Исследование выполнено на приборе хемилюминометре ХЛ-003. Объем пробы составлял 5 мл, использовали медленное перемешивание, температурный режим – 37 °С, время регистрации 30 минут. Для усиления ХЛ добавляли 1 мл рабочего люминола. Люминол (м.в. 177) готовили на диметил сульфоксиде из расчета 10–4 и хранили в холодильнике. Рабочий раствор готовили из маточного раствора разведением на стерильном физиологическом растворе в 1000 раз (рН 7,0–7,2) [5]. Индуктором активации кровяных пластинок служил АДФ в конечной концентрации 6,4×10–7 М, в дозе, используемой для исследования агрегационной способности тромбоцитов.

Результаты считывались на компьютере и отображались графически (рисунок). При оценке интенсивности ХЛ учитывали светосумму свечения и максимальную светимость.
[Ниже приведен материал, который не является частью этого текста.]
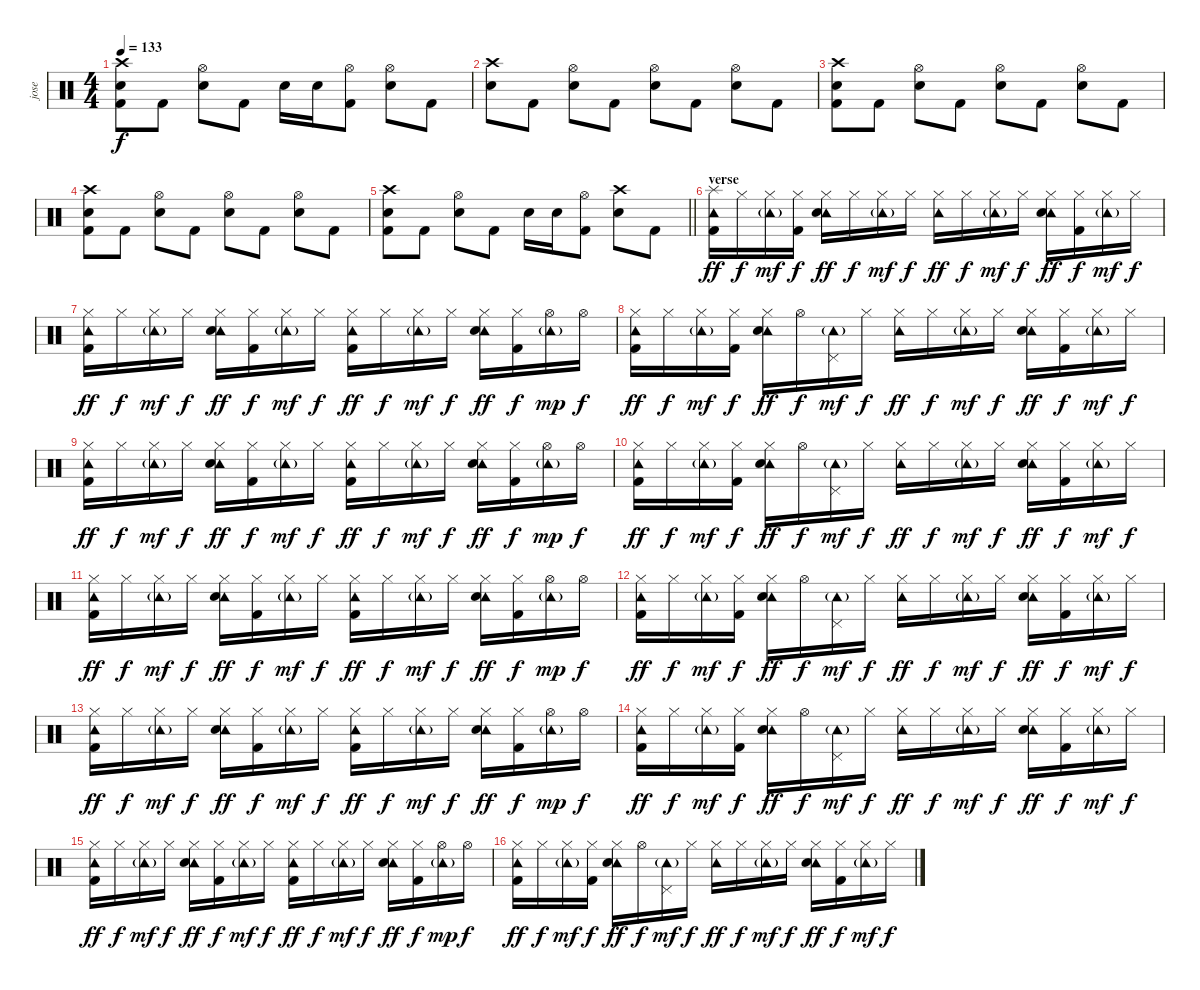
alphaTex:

\track ("jose" "jose") {instrument percussion}
\staff {score}
\articulation defaults
\ts (4 4)
\tempo 133
\clef neutral
\ks c
("Crash high (hit)" "Snare (hit) 2" "Kick (hit) 2").8{dy f} "Kick (hit) 2".8 ("Hi-Hat (open)" "Snare (hit) 2").8 "Kick (hit) 2".8 "Snare (hit) 2".16 "Snare (hit) 2".16 ("Hi-Hat (open)" "Kick (hit) 2").8 ("Hi-Hat (open)" "Snare (hit) 2").8 "Kick (hit) 2".8 |
("Crash high (hit)" "Snare (hit) 2").8 "Kick (hit) 2".8 ("Hi-Hat (open)" "Snare (hit) 2").8 "Kick (hit) 2".8 ("Hi-Hat (open)" "Snare (hit) 2").8 "Kick (hit) 2".8 ("Hi-Hat (open)" "Snare (hit) 2").8 "Kick (hit) 2".8 |
("Crash high (hit)" "Snare (hit) 2" "Kick (hit) 2").8 "Kick (hit) 2".8 ("Hi-Hat (open)" "Snare (hit) 2").8 "Kick (hit) 2".8 ("Hi-Hat (open)" "Snare (hit) 2").8 "Kick (hit) 2".8 ("Hi-Hat (open)" "Snare (hit) 2").8 "Kick (hit) 2".8 |
("Crash high (hit)" "Snare (hit) 2" "Kick (hit) 2").8 "Kick (hit) 2".8 ("Hi-Hat (open)" "Snare (hit) 2").8 "Kick (hit) 2".8 ("Hi-Hat (open)" "Snare (hit) 2").8 "Kick (hit) 2".8 ("Hi-Hat (open)" "Snare (hit) 2").8 "Kick (hit) 2".8 |
\barLineRight lightlight
("Crash high (hit)" "Snare (hit) 2" "Kick (hit) 2").8 "Kick (hit) 2".8 ("Hi-Hat (open)" "Snare (hit) 2").8 "Kick (hit) 2".8 "Snare (hit) 2".16 "Snare (hit) 2".16 ("Hi-Hat (open)" "Kick (hit) 2").8 ("Crash high (hit)" "Snare (hit) 2").8 "Kick (hit) 2".8 |
\section ("" "verse")
("Tambourine (hit)" "Splash (hit)" "Kick (hit) 2").16{dy ff} "Hi-Hat (closed)".16{dy f} ("Tambourine (hit)"{g} "Hi-Hat (closed)").16{dy mf} ("Hi-Hat (closed)" "Kick (hit) 2").16{dy f} ("Tambourine (hit)" "Hi-Hat (closed)" "Snare (hit) 2").16{dy ff} "Hi-Hat (closed)".16{dy f} ("Tambourine (hit)"{g} "Hi-Hat (closed)").16{dy mf} "Hi-Hat (closed)".16{dy f} ("Tambourine (hit)" "Hi-Hat (closed)").16{dy ff} "Hi-Hat (closed)".16{dy f} ("Tambourine (hit)"{g} "Hi-Hat (closed)").16{dy mf} "Hi-Hat (closed)".16{dy f} ("Tambourine (hit)" "Hi-Hat (closed)" "Snare (hit) 2").16{dy ff} ("Hi-Hat (closed)" "Kick (hit) 2").16{dy f} ("Tambourine (hit)"{g} "Hi-Hat (closed)").16{dy mf} "Hi-Hat (closed)".16{dy f} |
("Tambourine (hit)" "Hi-Hat (closed)" "Kick (hit) 2").16{dy ff} "Hi-Hat (closed)".16{dy f} ("Tambourine (hit)"{g} "Hi-Hat (closed)").16{dy mf} "Hi-Hat (closed)".16{dy f} ("Tambourine (hit)" "Hi-Hat (closed)" "Snare (hit) 2").16{dy ff} ("Hi-Hat (closed)" "Kick (hit) 2").16{dy f} ("Tambourine (hit)"{g} "Hi-Hat (closed)").16{dy mf} "Hi-Hat (closed)".16{dy f} ("Tambourine (hit)" "Hi-Hat (closed)" "Kick (hit) 2").16{dy ff} "Hi-Hat (closed)".16{dy f} ("Tambourine (hit)"{g} "Hi-Hat (closed)").16{dy mf} "Hi-Hat (closed)".16{dy f} ("Tambourine (hit)" "Hi-Hat (closed)" "Snare (hit) 2").16{dy ff} ("Hi-Hat (closed)" "Kick (hit) 2").16{dy f} ("Tambourine (hit)"{g} "Hi-Hat (open)").16{dy mp} "Hi-Hat (open)".16{dy f} |
("Tambourine (hit)" "Hi-Hat (closed)" "Kick (hit) 2").16{dy ff} "Hi-Hat (closed)".16{dy f} ("Tambourine (hit)"{g} "Hi-Hat (closed)").16{dy mf} ("Hi-Hat (closed)" "Kick (hit) 2").16{dy f} ("Tambourine (hit)" "Hi-Hat (closed)" "Snare (hit) 2").16{dy ff} "Hi-Hat (open)".16{dy f} ("Tambourine (hit)"{g} "Pedal Hi-Hat (hit)").16{dy mf} "Hi-Hat (closed)".16{dy f} ("Tambourine (hit)" "Hi-Hat (closed)").16{dy ff} "Hi-Hat (closed)".16{dy f} ("Tambourine (hit)"{g} "Hi-Hat (closed)").16{dy mf} "Hi-Hat (closed)".16{dy f} ("Tambourine (hit)" "Hi-Hat (closed)" "Snare (hit) 2").16{dy ff} ("Hi-Hat (closed)" "Kick (hit) 2").16{dy f} ("Tambourine (hit)"{g} "Hi-Hat (closed)").16{dy mf} "Hi-Hat (closed)".16{dy f} |
("Tambourine (hit)" "Hi-Hat (closed)" "Kick (hit) 2").16{dy ff} "Hi-Hat (closed)".16{dy f} ("Tambourine (hit)"{g} "Hi-Hat (closed)").16{dy mf} "Hi-Hat (closed)".16{dy f} ("Tambourine (hit)" "Hi-Hat (closed)" "Snare (hit) 2").16{dy ff} ("Hi-Hat (closed)" "Kick (hit) 2").16{dy f} ("Tambourine (hit)"{g} "Hi-Hat (closed)").16{dy mf} "Hi-Hat (closed)".16{dy f} ("Tambourine (hit)" "Hi-Hat (closed)" "Kick (hit) 2").16{dy ff} "Hi-Hat (closed)".16{dy f} ("Tambourine (hit)"{g} "Hi-Hat (closed)").16{dy mf} "Hi-Hat (closed)".16{dy f} ("Tambourine (hit)" "Hi-Hat (closed)" "Snare (hit) 2").16{dy ff} ("Hi-Hat (closed)" "Kick (hit) 2").16{dy f} ("Tambourine (hit)"{g} "Hi-Hat (open)").16{dy mp} "Hi-Hat (open)".16{dy f} |
("Tambourine (hit)" "Hi-Hat (closed)" "Kick (hit) 2").16{dy ff} "Hi-Hat (closed)".16{dy f} ("Tambourine (hit)"{g} "Hi-Hat (closed)").16{dy mf} ("Hi-Hat (closed)" "Kick (hit) 2").16{dy f} ("Tambourine (hit)" "Hi-Hat (closed)" "Snare (hit) 2").16{dy ff} "Hi-Hat (open)".16{dy f} ("Tambourine (hit)"{g} "Pedal Hi-Hat (hit)").16{dy mf} "Hi-Hat (closed)".16{dy f} ("Tambourine (hit)" "Hi-Hat (closed)").16{dy ff} "Hi-Hat (closed)".16{dy f} ("Tambourine (hit)"{g} "Hi-Hat (closed)").16{dy mf} "Hi-Hat (closed)".16{dy f} ("Tambourine (hit)" "Hi-Hat (closed)" "Snare (hit) 2").16{dy ff} ("Hi-Hat (closed)" "Kick (hit) 2").16{dy f} ("Tambourine (hit)"{g} "Hi-Hat (closed)").16{dy mf} "Hi-Hat (closed)".16{dy f} |
("Tambourine (hit)" "Hi-Hat (closed)" "Kick (hit) 2").16{dy ff} "Hi-Hat (closed)".16{dy f} ("Tambourine (hit)"{g} "Hi-Hat (closed)").16{dy mf} "Hi-Hat (closed)".16{dy f} ("Tambourine (hit)" "Hi-Hat (closed)" "Snare (hit) 2").16{dy ff} ("Hi-Hat (closed)" "Kick (hit) 2").16{dy f} ("Tambourine (hit)"{g} "Hi-Hat (closed)").16{dy mf} "Hi-Hat (closed)".16{dy f} ("Tambourine (hit)" "Hi-Hat (closed)" "Kick (hit) 2").16{dy ff} "Hi-Hat (closed)".16{dy f} ("Tambourine (hit)"{g} "Hi-Hat (closed)").16{dy mf} "Hi-Hat (closed)".16{dy f} ("Tambourine (hit)" "Hi-Hat (closed)" "Snare (hit) 2").16{dy ff} ("Hi-Hat (closed)" "Kick (hit) 2").16{dy f} ("Tambourine (hit)"{g} "Hi-Hat (open)").16{dy mp} "Hi-Hat (open)".16{dy f} |
("Tambourine (hit)" "Hi-Hat (closed)" "Kick (hit) 2").16{dy ff} "Hi-Hat (closed)".16{dy f} ("Tambourine (hit)"{g} "Hi-Hat (closed)").16{dy mf} ("Hi-Hat (closed)" "Kick (hit) 2").16{dy f} ("Tambourine (hit)" "Hi-Hat (closed)" "Snare (hit) 2").16{dy ff} "Hi-Hat (open)".16{dy f} ("Tambourine (hit)"{g} "Pedal Hi-Hat (hit)").16{dy mf} "Hi-Hat (closed)".16{dy f} ("Tambourine (hit)" "Hi-Hat (closed)").16{dy ff} "Hi-Hat (closed)".16{dy f} ("Tambourine (hit)"{g} "Hi-Hat (closed)").16{dy mf} "Hi-Hat (closed)".16{dy f} ("Tambourine (hit)" "Hi-Hat (closed)" "Snare (hit) 2").16{dy ff} ("Hi-Hat (closed)" "Kick (hit) 2").16{dy f} ("Tambourine (hit)"{g} "Hi-Hat (closed)").16{dy mf} "Hi-Hat (closed)".16{dy f} |
("Tambourine (hit)" "Hi-Hat (closed)" "Kick (hit) 2").16{dy ff} "Hi-Hat (closed)".16{dy f} ("Tambourine (hit)"{g} "Hi-Hat (closed)").16{dy mf} "Hi-Hat (closed)".16{dy f} ("Tambourine (hit)" "Hi-Hat (closed)" "Snare (hit) 2").16{dy ff} ("Hi-Hat (closed)" "Kick (hit) 2").16{dy f} ("Tambourine (hit)"{g} "Hi-Hat (closed)").16{dy mf} "Hi-Hat (closed)".16{dy f} ("Tambourine (hit)" "Hi-Hat (closed)" "Kick (hit) 2").16{dy ff} "Hi-Hat (closed)".16{dy f} ("Tambourine (hit)"{g} "Hi-Hat (closed)").16{dy mf} "Hi-Hat (closed)".16{dy f} ("Tambourine (hit)" "Hi-Hat (closed)" "Snare (hit) 2").16{dy ff} ("Hi-Hat (closed)" "Kick (hit) 2").16{dy f} ("Tambourine (hit)"{g} "Hi-Hat (open)").16{dy mp} "Hi-Hat (open)".16{dy f} |
("Tambourine (hit)" "Hi-Hat (closed)" "Kick (hit) 2").16{dy ff} "Hi-Hat (closed)".16{dy f} ("Tambourine (hit)"{g} "Hi-Hat (closed)").16{dy mf} ("Hi-Hat (closed)" "Kick (hit) 2").16{dy f} ("Tambourine (hit)" "Hi-Hat (closed)" "Snare (hit) 2").16{dy ff} "Hi-Hat (open)".16{dy f} ("Tambourine (hit)"{g} "Pedal Hi-Hat (hit)").16{dy mf} "Hi-Hat (closed)".16{dy f} ("Tambourine (hit)" "Hi-Hat (closed)").16{dy ff} "Hi-Hat (closed)".16{dy f} ("Tambourine (hit)"{g} "Hi-Hat (closed)").16{dy mf} "Hi-Hat (closed)".16{dy f} ("Tambourine (hit)" "Hi-Hat (closed)" "Snare (hit) 2").16{dy ff} ("Hi-Hat (closed)" "Kick (hit) 2").16{dy f} ("Tambourine (hit)"{g} "Hi-Hat (closed)").16{dy mf} "Hi-Hat (closed)".16{dy f} |
("Tambourine (hit)" "Hi-Hat (closed)" "Kick (hit) 2").16{dy ff} "Hi-Hat (closed)".16{dy f} ("Tambourine (hit)"{g} "Hi-Hat (closed)").16{dy mf} "Hi-Hat (closed)".16{dy f} ("Tambourine (hit)" "Hi-Hat (closed)" "Snare (hit) 2").16{dy ff} ("Hi-Hat (closed)" "Kick (hit) 2").16{dy f} ("Tambourine (hit)"{g} "Hi-Hat (closed)").16{dy mf} "Hi-Hat (closed)".16{dy f} ("Tambourine (hit)" "Hi-Hat (closed)" "Kick (hit) 2").16{dy ff} "Hi-Hat (closed)".16{dy f} ("Tambourine (hit)"{g} "Hi-Hat (closed)").16{dy mf} "Hi-Hat (closed)".16{dy f} ("Tambourine (hit)" "Hi-Hat (closed)" "Snare (hit) 2").16{dy ff} ("Hi-Hat (closed)" "Kick (hit) 2").16{dy f} ("Tambourine (hit)"{g} "Hi-Hat (open)").16{dy mp} "Hi-Hat (open)".16{dy f} |
("Tambourine (hit)" "Hi-Hat (closed)" "Kick (hit) 2").16{dy ff} "Hi-Hat (closed)".16{dy f} ("Tambourine (hit)"{g} "Hi-Hat (closed)").16{dy mf} ("Hi-Hat (closed)" "Kick (hit) 2").16{dy f} ("Tambourine (hit)" "Hi-Hat (closed)" "Snare (hit) 2").16{dy ff} "Hi-Hat (open)".16{dy f} ("Tambourine (hit)"{g} "Pedal Hi-Hat (hit)").16{dy mf} "Hi-Hat (closed)".16{dy f} ("Tambourine (hit)" "Hi-Hat (closed)").16{dy ff} "Hi-Hat (closed)".16{dy f} ("Tambourine (hit)"{g} "Hi-Hat (closed)").16{dy mf} "Hi-Hat (closed)".16{dy f} ("Tambourine (hit)" "Hi-Hat (closed)" "Snare (hit) 2").16{dy ff} ("Hi-Hat (closed)" "Kick (hit) 2").16{dy f} ("Tambourine (hit)"{g} "Hi-Hat (closed)").16{dy mf} "Hi-Hat (closed)".16{dy f}

О генерации активных форм кислорода судили по интенсивности базисной (без люминола), люминолзависимой и АДФ-индуцированной хемилюминесценции тромбоцитов (в присутствии люминола) [4]. На метод собственного свечения тромбоцитов получено авторское свидетельство [5].

pic_2.tif

Хемилюминесценция тромбоцитов: 1 – базисная хемилюминесценция (без люминола); 2 – люминолзависимое свечение тромбоцитов; 3 – АДФ-индуцированная хемилюминесценция тромбоцитов (в присутствии люминола)

Продукты перекисного окисления липидов (ПОЛ) определяли спектрофотометрическим методом в изопропанольной фракции [2]; уровень малонового диальдегида (МДА) определяли в цветной реакции с тиобарбитуровой кислотой [3]; общую антиокислительную активность (ОАО) оценивали по степени подавления липопероксидации in vitro в присутствии суспензии мембран эритроцитов [6].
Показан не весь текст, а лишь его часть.